┌──

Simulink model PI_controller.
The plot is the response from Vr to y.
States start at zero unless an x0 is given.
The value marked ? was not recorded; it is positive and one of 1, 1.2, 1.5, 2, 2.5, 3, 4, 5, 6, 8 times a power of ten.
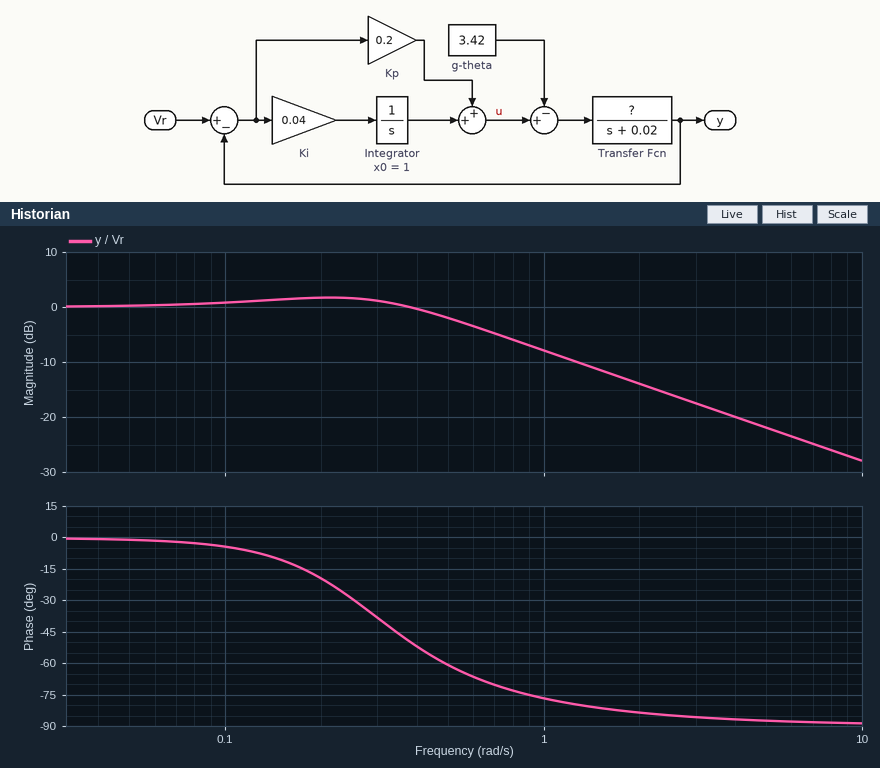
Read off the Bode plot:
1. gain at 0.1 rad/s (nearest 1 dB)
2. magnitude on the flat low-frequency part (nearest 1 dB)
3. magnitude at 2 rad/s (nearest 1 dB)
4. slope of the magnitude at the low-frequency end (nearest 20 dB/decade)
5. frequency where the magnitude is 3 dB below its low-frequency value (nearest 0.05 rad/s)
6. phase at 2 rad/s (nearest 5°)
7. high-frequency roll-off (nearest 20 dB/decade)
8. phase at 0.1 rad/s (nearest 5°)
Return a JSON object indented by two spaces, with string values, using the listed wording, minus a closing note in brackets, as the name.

└──

Assignment: Return every line above that contains the word "magnitude".

Worked solution:
2. magnitude on the flat low-frequency part (nearest 1 dB)
3. magnitude at 2 rad/s (nearest 1 dB)
4. slope of the magnitude at the low-frequency end (nearest 20 dB/decade)
5. frequency where the magnitude is 3 dB below its low-frequency value (nearest 0.05 rad/s)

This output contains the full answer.